Apuntes sobre una lectura feminista de MA: Matar la femineidad
Mujer virtuosa. ¿Quién la hallara? (Proverbios 31:30)
En un confín de ese el peligroso desierto del Sudoeste americano, donde Matt Damon y Casey Affleck se perdieron en esa extraordinaria película llamada Gerry; advertimos una presencia femenina, que se arrastra, sin rumbo fijo, por la aridez del paisaje. Barriendo las piedras y los matorrales que encuentra a su paso, esa criatura misteriosa –vestida con unas botas camperas y un velo impoluto sobre su cabeza– se postra, inmóvil, en medio de la carretera.
Sin rastro de la esperanzadora melodía “Spiegel im Spiegel” de Arvo Pärt, que suavizaba el suspense durante el prólogo y el desenlace del citado largometraje de Gus van Sant; la joven protagonista de MA dará, al fin, con el coche que la socorrerá de su peregrinaje por esas yermas tierras.
La ópera prima de la célebre actriz, cortometrajista y coreógrafa estadounidense, Celia Rowlson-Hall, da comienzo con el encuentro entre nuestra chica anónima y su nuevo chófer: una suerte de neo-James Dean, parecido al guaperas-no-demasiado-inteligente de A Girl Walks Home Alone at Night. Pero no nos dejemos engañar por la dulzura de esta cita casual. Igual que el debut de Ana Lily Amirpour, no se trata de un Girl Meets Boy cualquiera.
¿Qué podría ser mejor que una vampiresa iraní?, os estaréis preguntando. La respuesta es: una Virgen María, feminista y posmoderna.
Castidad, honra y pureza conforman la tríada de virtudes que han definido el mito de la Virgen María a lo largo de los siglos. Asimismo, más allá del celibato, sus buenas obras estuvieron marcadas por sus votos de obediencia y su incuestionada sumisión.
El intrépido salto al largometraje de esta joven autora –presentado en la última edición de Tribeca y Venecia– propone una revisión feminista de la iconografía del personaje bíblico, a través de la descontextualización temporal de los acontecimientos narrados en el Antiguo Testamento.
La directora (y actriz protagonista) de esta road movie, cuya meta será la concupiscente ciudad de Las Vegas, no da voz propia a su personaje.

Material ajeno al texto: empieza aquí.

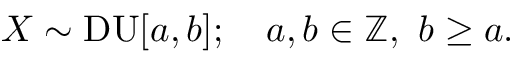Convert formula to latex. <formula><loc_0><loc_0><loc_500><loc_500>X \sim D U [ a , b ] ; \quad a , b \in \mathbb { Z } , \ b \geq a .</formula> 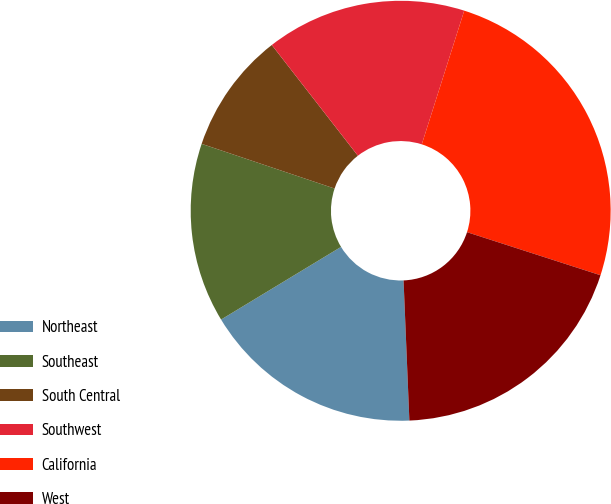Convert chart. <chart><loc_0><loc_0><loc_500><loc_500><pie_chart><fcel>Northeast<fcel>Southeast<fcel>South Central<fcel>Southwest<fcel>California<fcel>West<nl><fcel>16.99%<fcel>13.83%<fcel>9.32%<fcel>15.41%<fcel>25.07%<fcel>19.37%<nl></chart>

Al tratarse de una película muda, la Santa hablará a través de sus expresiones faciales y unos gestos perfectamente coreografiados. De este modo, aunque desconozcamos la voz de la Virgen, Rowlson-Hall le otorga un don más humano, preciado y esencial: el derecho a pensar y actuar por ella misma, como un ser humano autónomo; y, sobre todo, como una mujer autosuficiente.

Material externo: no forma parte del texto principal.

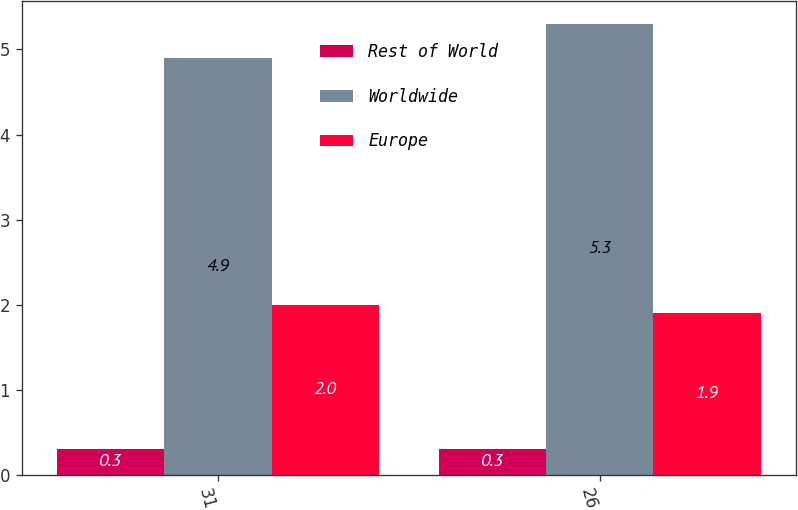Convert chart to OTSL. <chart><loc_0><loc_0><loc_500><loc_500><stacked_bar_chart><ecel><fcel>31<fcel>26<nl><fcel>Rest of World<fcel>0.3<fcel>0.3<nl><fcel>Worldwide<fcel>4.9<fcel>5.3<nl><fcel>Europe<fcel>2<fcel>1.9<nl></chart>

Sin embargo, la adquisición de conciencia genera dudas existenciales que no puede resolver.
María debe atreverse a pensar.
Antes de encomendarse a la tarea más importante de su vida –dar a luz al hijo de Dios, que ya lleva en su interior–, la Santa tiene que descubrir quién es y qué lugar ocupa en el mundo. Pero, como Pawel Pawlikowski advirtió en Ida: abandonar temporalmente el deber con Dios supone un grave peligro; pues, descuidar la espiritualidad puede significar perderla para siempre.
María comprende el dolor del mundo. Y secundando la tristeza de la Virgen de Andrei Zvyagintsev en The Banishment, desearía quitarse al Salvador de su vientre.
Aunque hablara las lenguas de los hombres y de los ángeles, si no tengo amor, soy como campana que suena o címbalo que retiñe. Y aunque tuviera el don de hablar en nombre de Dios y conociera todos los misterios y toda la ciencia; y aunque mi fe fuese tan grande como para trasladar montañas, si no tengo amor, nada soy. Y aunque repartiera todos mis bienes a los pobres y entregara mi cuerpo a las llamas, si no tengo amor, de nada me sirve.
(Corintios 13:1)
No obstante, nuestra protagonista se salvará tras convertir su desasosiego existencial en otra obsesión: definir qué es ser mujer. Pero la Virgen María no está preparada para asimilar que ‘mujer’ es sinónimo de ‘inferioridad’ en su sociedad patriarcal; e inicia su vendetta contra la Humanidad, y el Dios Todopoderoso que la violó.
Como si se tratara de un personaje de Céline Sciamma, María aniquila su feminidad.
Nunca más será el sexo débil.
María es, ahora, un hombre.
Pero no olvidemos que, a veces, la negación, es mucho más que un mero rechazo. Es la primera etapa de un sentimiento de mayor trascendencia. En este caso, un elogio al valor de haber nacido mujer.
Fue necesario matar su feminidad para reafirmarla.